In embodiments, the first fluid may be at least partially soluble in the second fluid. In other embodiments, the first fluid may be at least partially miscible with the second fluid. In other embodiments, the first fluid may be immiscible with the second fluid.
In embodiments, the first fluid comprises one or more components which render the first fluid more reactive to the composition of the formation as compared to the second fluid.
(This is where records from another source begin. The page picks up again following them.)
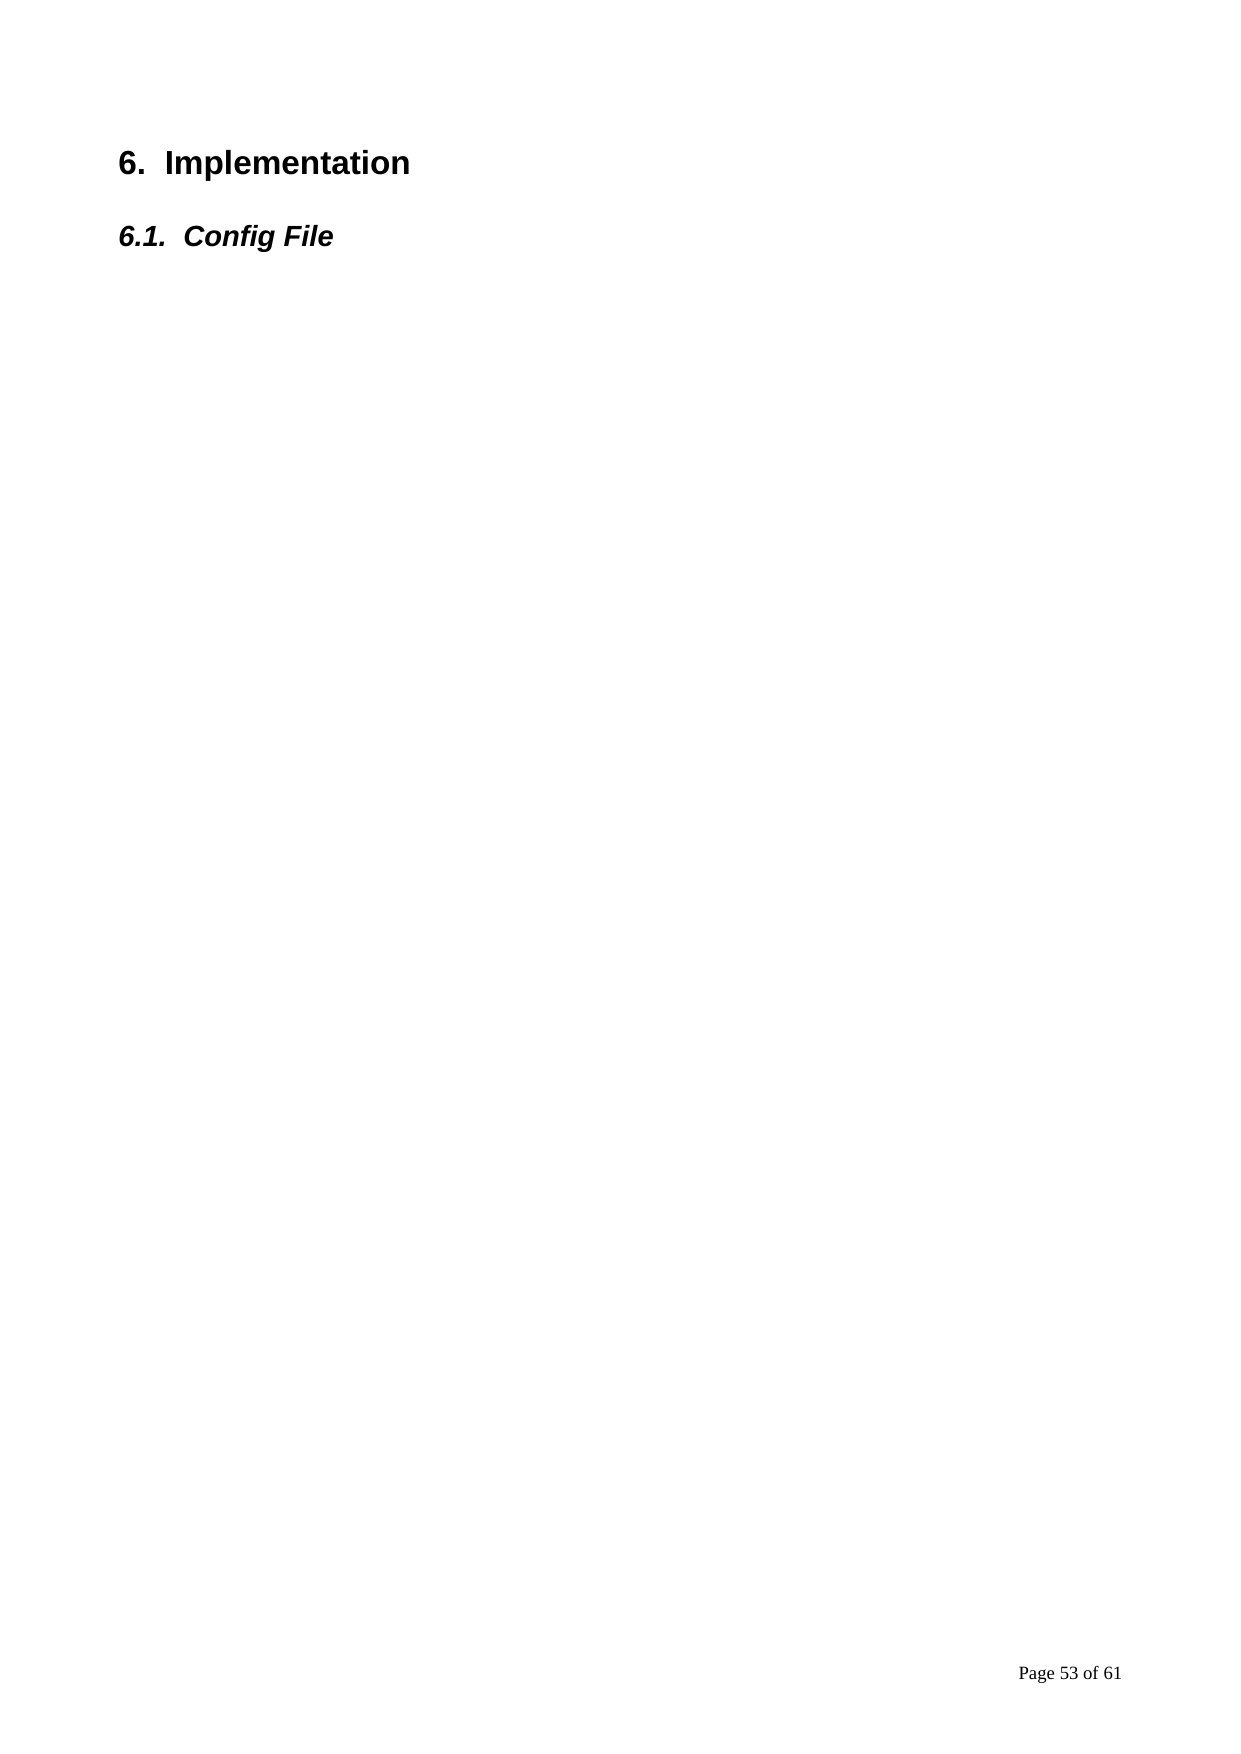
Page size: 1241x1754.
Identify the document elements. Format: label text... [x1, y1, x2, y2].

subtitle Config File [118, 219, 1122, 253]
subtitle Implementation [118, 143, 1122, 182]
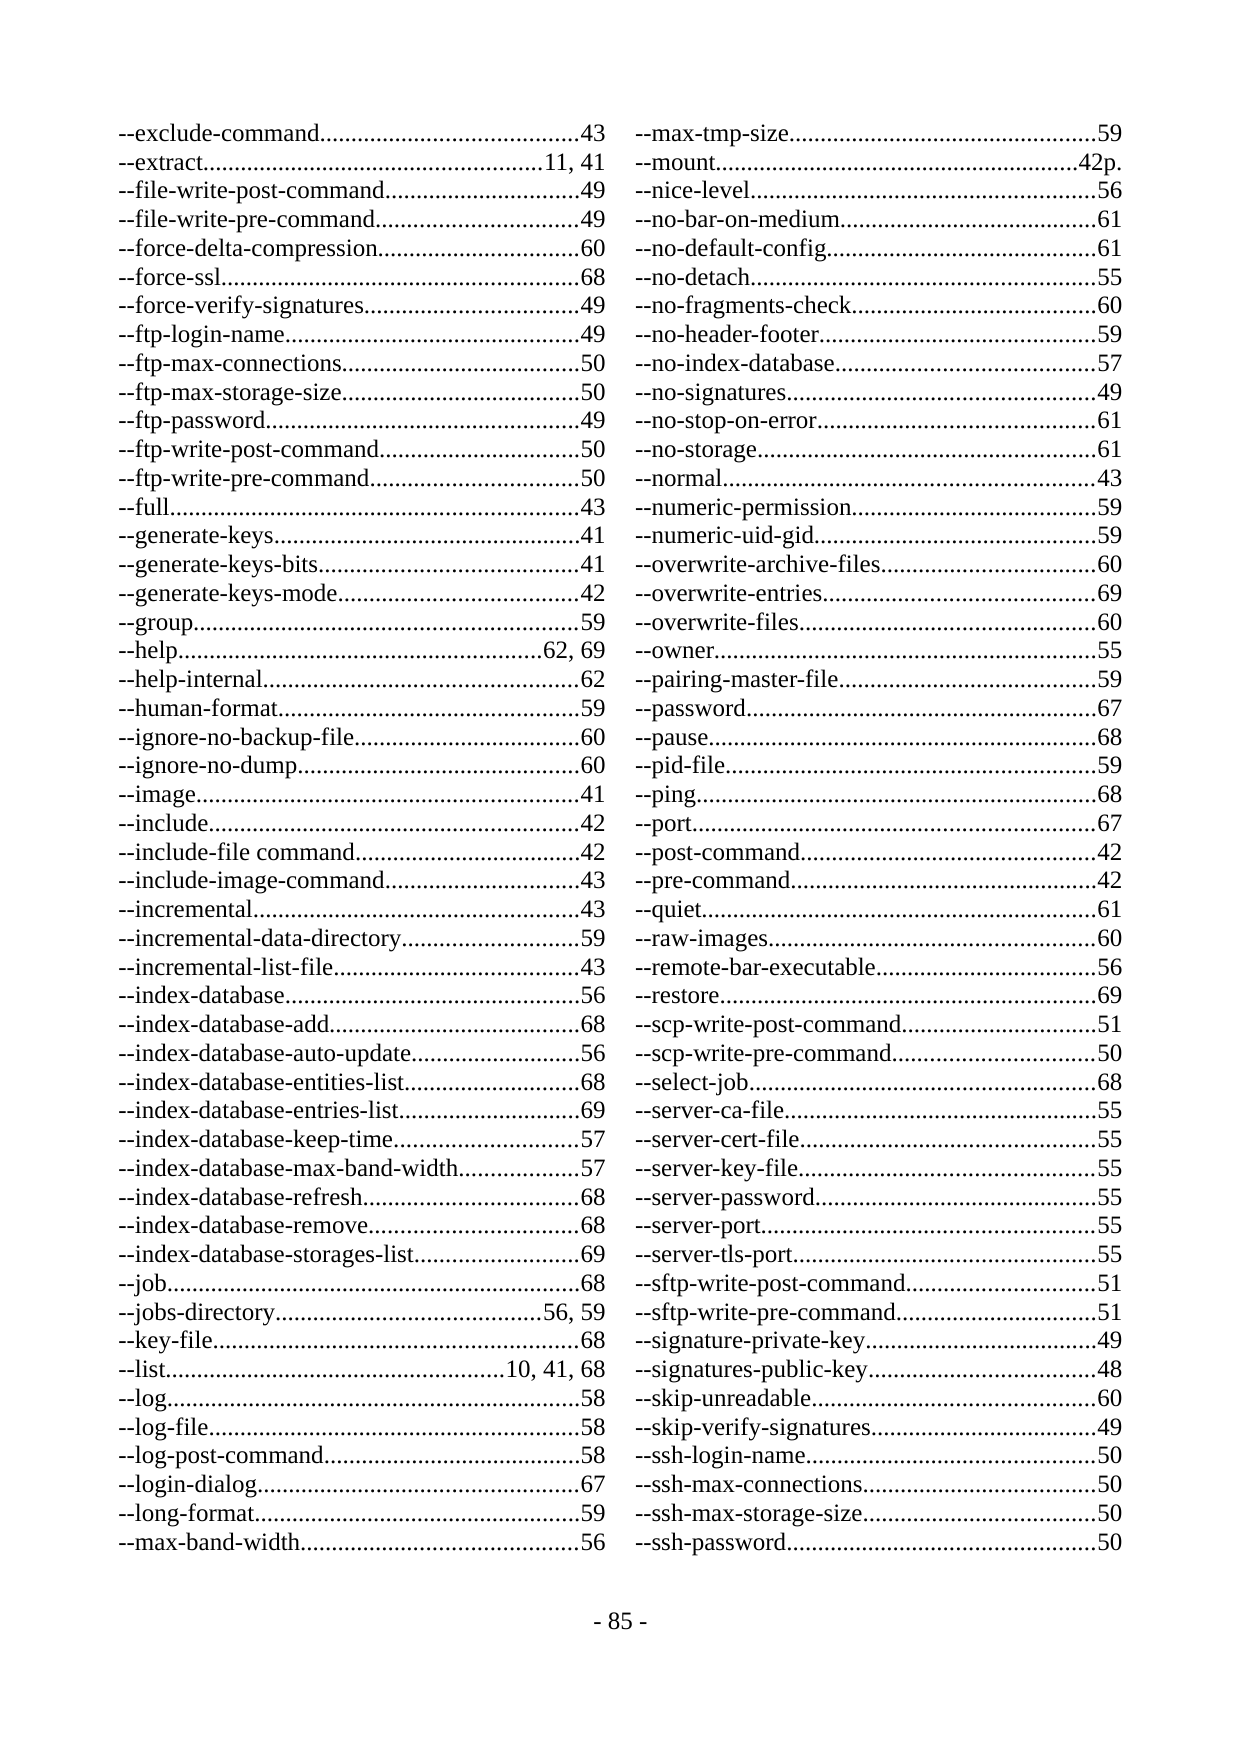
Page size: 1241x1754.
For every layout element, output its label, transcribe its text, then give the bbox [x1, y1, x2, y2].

text --image 41 [118, 779, 605, 808]
text --jobs-directory 56, 59 [118, 1297, 605, 1326]
text --include-image-command 43 [118, 866, 605, 894]
text --remote-bar-executable 56 [635, 952, 1122, 981]
text --no-default-config 61 [635, 233, 1122, 262]
text --generate-keys-mode 42 [118, 578, 605, 607]
text --owner 55 [635, 636, 1122, 664]
text --server-ca-file 55 [635, 1096, 1122, 1124]
text --ssh-password 50 [635, 1527, 1122, 1556]
text --numeric-uid-gid 59 [635, 521, 1122, 549]
text --pre-command 42 [635, 866, 1122, 894]
text --key-file 68 [118, 1326, 605, 1354]
text --ignore-no-backup-file 60 [118, 722, 605, 751]
text --index-database-keep-time 57 [118, 1124, 605, 1153]
text --index-database-entities-list 68 [118, 1067, 605, 1096]
text --password 67 [635, 693, 1122, 722]
text --pause 68 [635, 722, 1122, 751]
text --list 10, 41, 68 [118, 1354, 605, 1383]
text --help 62, 69 [118, 636, 605, 664]
text --index-database-remove 68 [118, 1211, 605, 1239]
text --no-signatures 49 [635, 377, 1122, 406]
text --file-write-post-command 49 [118, 176, 605, 204]
text --ssh-max-connections 50 [635, 1469, 1122, 1498]
text --overwrite-archive-files 60 [635, 549, 1122, 578]
text --full 43 [118, 492, 605, 521]
text --signature-private-key 49 [635, 1326, 1122, 1354]
text --log-file 58 [118, 1412, 605, 1441]
text --no-stop-on-error 61 [635, 406, 1122, 434]
text --no-detach 55 [635, 262, 1122, 291]
text --ftp-max-connections 50 [118, 348, 605, 377]
text --index-database-entries-list 69 [118, 1096, 605, 1124]
text --incremental-list-file 43 [118, 952, 605, 981]
text --post-command 42 [635, 837, 1122, 866]
text --no-index-database 57 [635, 348, 1122, 377]
text --sftp-write-pre-command 51 [635, 1297, 1122, 1326]
text --signatures-public-key 48 [635, 1354, 1122, 1383]
text --pid-file 59 [635, 751, 1122, 779]
text --help-internal 62 [118, 664, 605, 693]
text --ftp-max-storage-size 50 [118, 377, 605, 406]
text --skip-verify-signatures 49 [635, 1412, 1122, 1441]
text --force-verify-signatures 49 [118, 291, 605, 319]
text --index-database 56 [118, 981, 605, 1009]
text --index-database-storages-list 69 [118, 1239, 605, 1268]
text --force-delta-compression 60 [118, 233, 605, 262]
text --log-post-command 58 [118, 1441, 605, 1469]
text --server-tls-port 55 [635, 1239, 1122, 1268]
text --login-dialog 67 [118, 1469, 605, 1498]
text --raw-images 60 [635, 923, 1122, 952]
text --server-password 55 [635, 1182, 1122, 1211]
text --exclude-command 43 [118, 118, 605, 147]
text --select-job 68 [635, 1067, 1122, 1096]
text --overwrite-entries 69 [635, 578, 1122, 607]
text --ftp-write-post-command 50 [118, 434, 605, 463]
text --pairing-master-file 59 [635, 664, 1122, 693]
text --ssh-max-storage-size 50 [635, 1498, 1122, 1527]
text --index-database-max-band-width 57 [118, 1153, 605, 1182]
text --server-key-file 55 [635, 1153, 1122, 1182]
text --index-database-auto-update 56 [118, 1038, 605, 1067]
text --incremental 43 [118, 894, 605, 923]
text --ssh-login-name 50 [635, 1441, 1122, 1469]
text --scp-write-post-command 51 [635, 1009, 1122, 1038]
text --ignore-no-dump 60 [118, 751, 605, 779]
text --ping 68 [635, 779, 1122, 808]
text --sftp-write-post-command 51 [635, 1268, 1122, 1297]
text --generate-keys-bits 41 [118, 549, 605, 578]
text --human-format 59 [118, 693, 605, 722]
text --quiet 61 [635, 894, 1122, 923]
text --generate-keys 41 [118, 521, 605, 549]
text --server-port 55 [635, 1211, 1122, 1239]
text --skip-unreadable 60 [635, 1383, 1122, 1412]
text --group 59 [118, 607, 605, 636]
text --no-fragments-check 60 [635, 291, 1122, 319]
text --extract 11, 41 [118, 147, 605, 176]
text --ftp-write-pre-command 50 [118, 463, 605, 492]
text --ftp-login-name 49 [118, 319, 605, 348]
text --port 67 [635, 808, 1122, 837]
text --scp-write-pre-command 50 [635, 1038, 1122, 1067]
text --no-storage 61 [635, 434, 1122, 463]
text --server-cert-file 55 [635, 1124, 1122, 1153]
text --no-header-footer 59 [635, 319, 1122, 348]
text --index-database-refresh 68 [118, 1182, 605, 1211]
text --normal 43 [635, 463, 1122, 492]
text --no-bar-on-medium 61 [635, 204, 1122, 233]
text --max-tmp-size 59 [635, 118, 1122, 147]
text --force-ssl 68 [118, 262, 605, 291]
text --index-database-add 68 [118, 1009, 605, 1038]
text --include 42 [118, 808, 605, 837]
text --include-file command 42 [118, 837, 605, 866]
text --overwrite-files 60 [635, 607, 1122, 636]
text --job 68 [118, 1268, 605, 1297]
text --long-format 59 [118, 1498, 605, 1527]
text --log 58 [118, 1383, 605, 1412]
text --file-write-pre-command 49 [118, 204, 605, 233]
text --numeric-permission 59 [635, 492, 1122, 521]
text --mount 42p. [635, 147, 1122, 176]
text --nice-level 56 [635, 176, 1122, 204]
text --incremental-data-directory 59 [118, 923, 605, 952]
text --restore 69 [635, 981, 1122, 1009]
text --ftp-password 49 [118, 406, 605, 434]
text --max-band-width 56 [118, 1527, 605, 1556]
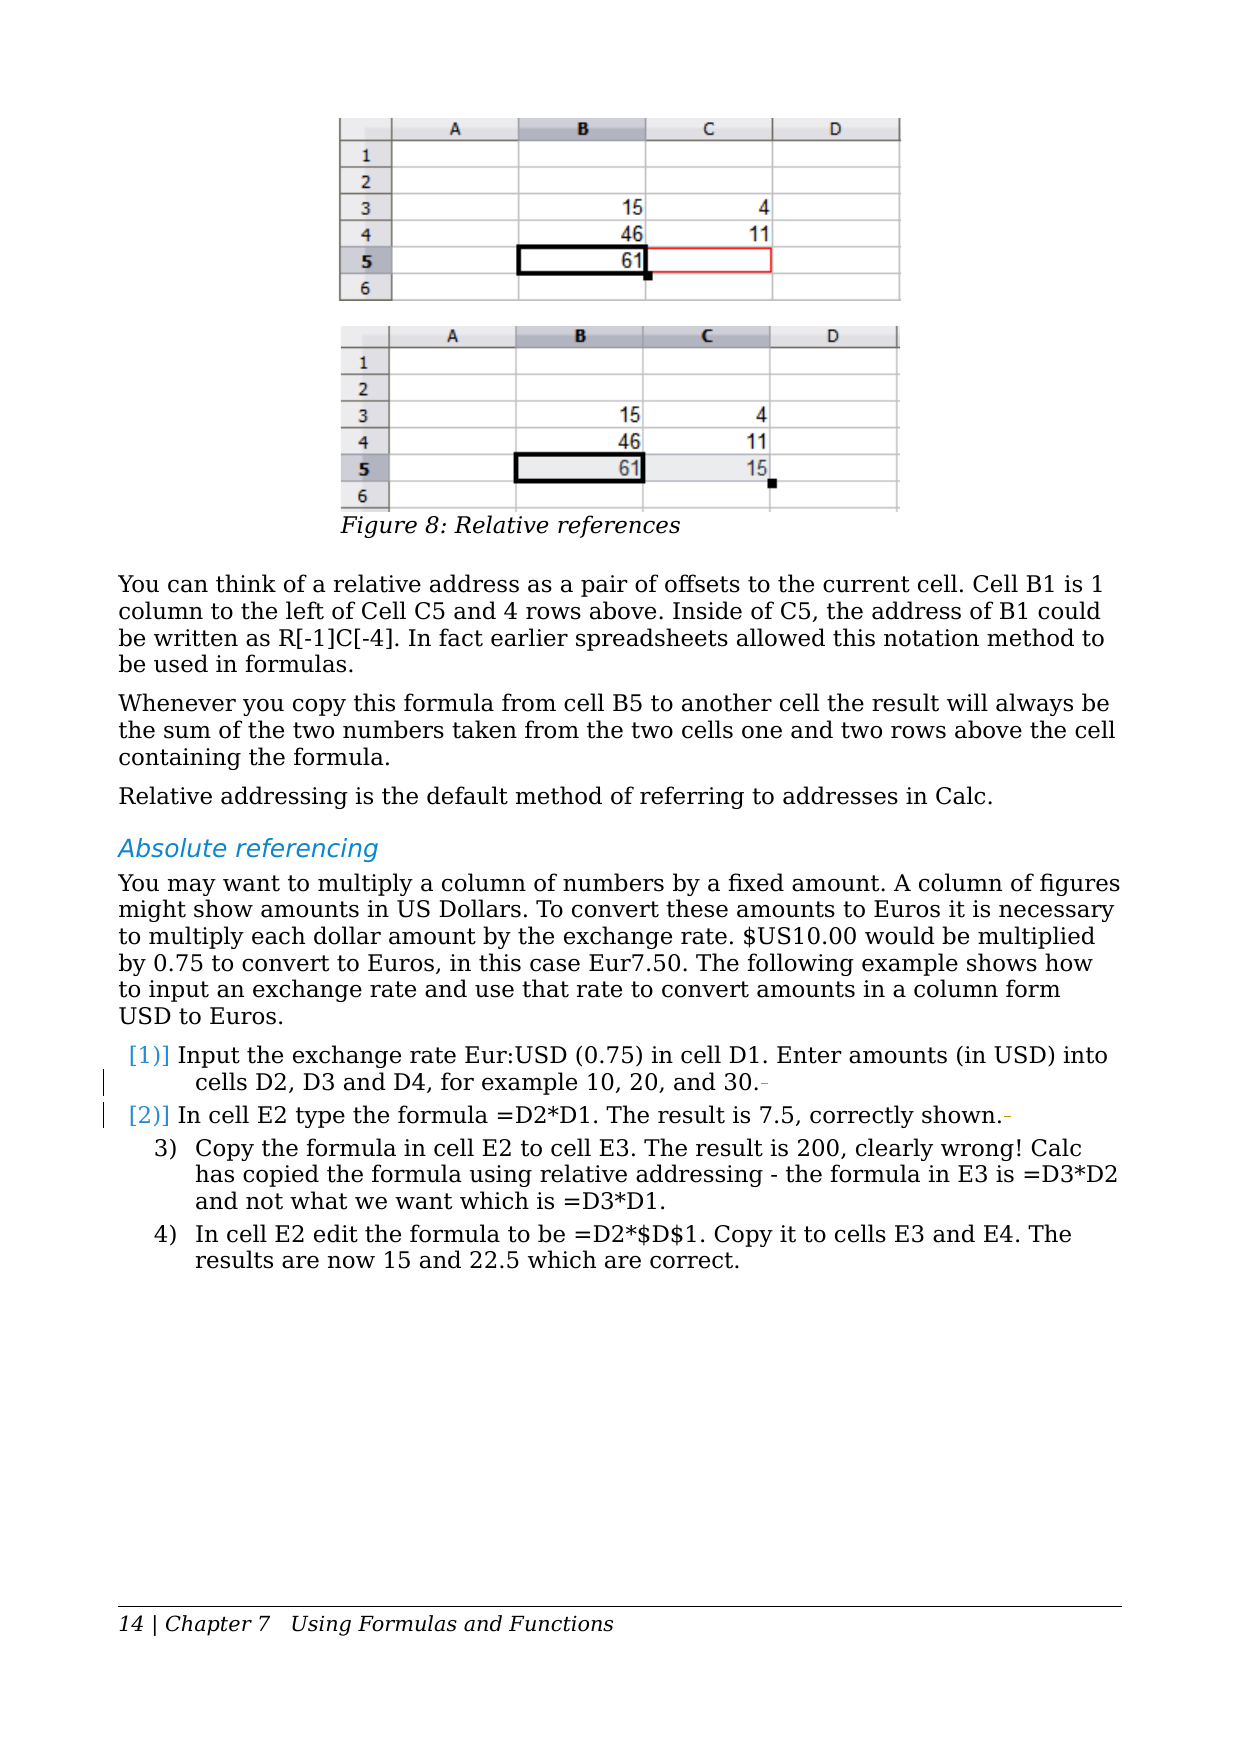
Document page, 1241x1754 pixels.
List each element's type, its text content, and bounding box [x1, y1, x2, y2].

text Relative addressing is the default method of referring to addresses in Calc. [118, 783, 1122, 810]
list In cell E2 type the formula =D2*D1. The result is 7.5, correctly shown. [177, 1102, 1122, 1128]
list Copy the formula in cell E2 to cell E3. The result is 200, clearly wrong! Calc has copied the formula using relative addressing - the formula in E3 is =D3*D2 and not what we want which is =D3*D1. [177, 1135, 1122, 1215]
list Input the exchange rate Eur:USD (0.75) in cell D1. Enter amounts (in USD) into cells D2, D3 and D4, for example 10, 20, and 30. [177, 1042, 1122, 1096]
text You may want to multiply a column of numbers by a fixed amount. A column of figures might show amounts in US Dollars. To convert these amounts to Euros it is necessary to multiply each dollar amount by the exchange rate. $US10.00 would be multiplied by 0.75 to convert to Euros, in this case Eur7.50. The following example shows how to input an exchange rate and use that rate to convert amounts in a column form USD to Euros. [118, 870, 1122, 1030]
text Whenever you copy this formula from cell B5 to another cell the result will always be the sum of the two numbers taken from the two cells one and two rows above the cell containing the formula. [118, 691, 1122, 771]
text Figure 8: Relative references [341, 512, 900, 539]
list In cell E2 edit the formula to be =D2*$D$1. Copy it to cells E3 and E4. The results are now 15 and 22.5 which are correct. [177, 1221, 1122, 1274]
text You can think of a relative address as a pair of offsets to the current cell. Cell B1 is 1 column to the left of Cell C5 and 4 rows above. Inside of C5, the address of B1 could be written as R[-1]C[-4]. In fact earlier spreadsheets allowed this notation method to be used in formulas. [118, 571, 1122, 678]
picture [340, 326, 900, 512]
picture [338, 118, 902, 301]
subtitle Absolute referencing [118, 834, 1122, 863]

In embodiments, the first fluid reacts with the formation (e.g., a carbonate formation) at a first reaction rate according to the equation:
First reaction rate=k1*[first fluid mode]
where k1 is the rate constant; and
the second fluid reacts with the formation (e.g., a carbonate formation) at a second reaction rate according to the equation:
Second reaction rate=k2*[second fluid mode]
where k2 is the rate constant. In embodiments, the first reaction rate is greater than the second reaction rate. In embodiments, the second reaction rate is essentially zero. Stated in other terms, in embodiments, the second fluid is essentially non-reactive with respect to the formation under the conditions present.
In embodiments, a fracturing fluid system comprises at least two discrete phases. One of the phases comprises an inorganic acid, e.g., HCl, which may be present as an aqueous solution, or which may be a dispersed phase of a water-in-oil emulsion. The other phase is less reactive, or essentially inert, with respect to the carbonate surfaces of the formation.
Accordingly, in embodiments, the first fluid comprises an aqueous carrier fluid and the second fluid comprises an aqueous carrier fluid. In other embodiments, the first fluid comprises an aqueous carrier fluid and the second fluid comprises an oleaginous carrier fluid. In still other embodiments the first fluid comprises an oleaginous carrier fluid and the second fluid comprises an aqueous carrier fluid. In still other embodiments, the first fluid comprises an oleaginous carrier fluid and the second fluid comprises an oleaginous carrier fluid. In embodiments, the first fluid, the second fluid, or both may comprise an emulsion, particulates, proppant, anchorants, fibers, flakes, and/or the like.
The method further comprises employing a sequential pumping schedule with relatively short intervals i.e., less than 2.5 minutes or less than one minute, for example, 10-20 seconds, or a rapid frequency of pulsing one fluid then the next fluid sequentially to generate a fluid stream having relatively slim “strips” or relatively small portions of the two phases in the essentially continuous fluid stream being delivered to the wellbore. In embodiments, a lower viscosity acid phase will intermix in a non-uniform manner, e.g. via fingering, into the preceding less reactive phase. In embodiments, the less reactive phase or fluid comprises a gel phase. The intermixing or fingering achieves an extensive penetration rendering the pad phase into discrete “pockets” or “islands”. Hence the rock surface of the formation will not be contacted with all of the acid present in a particular portion of the fluid stream and thus, will not be consumed by the acid, serving as the pillar in the fracture.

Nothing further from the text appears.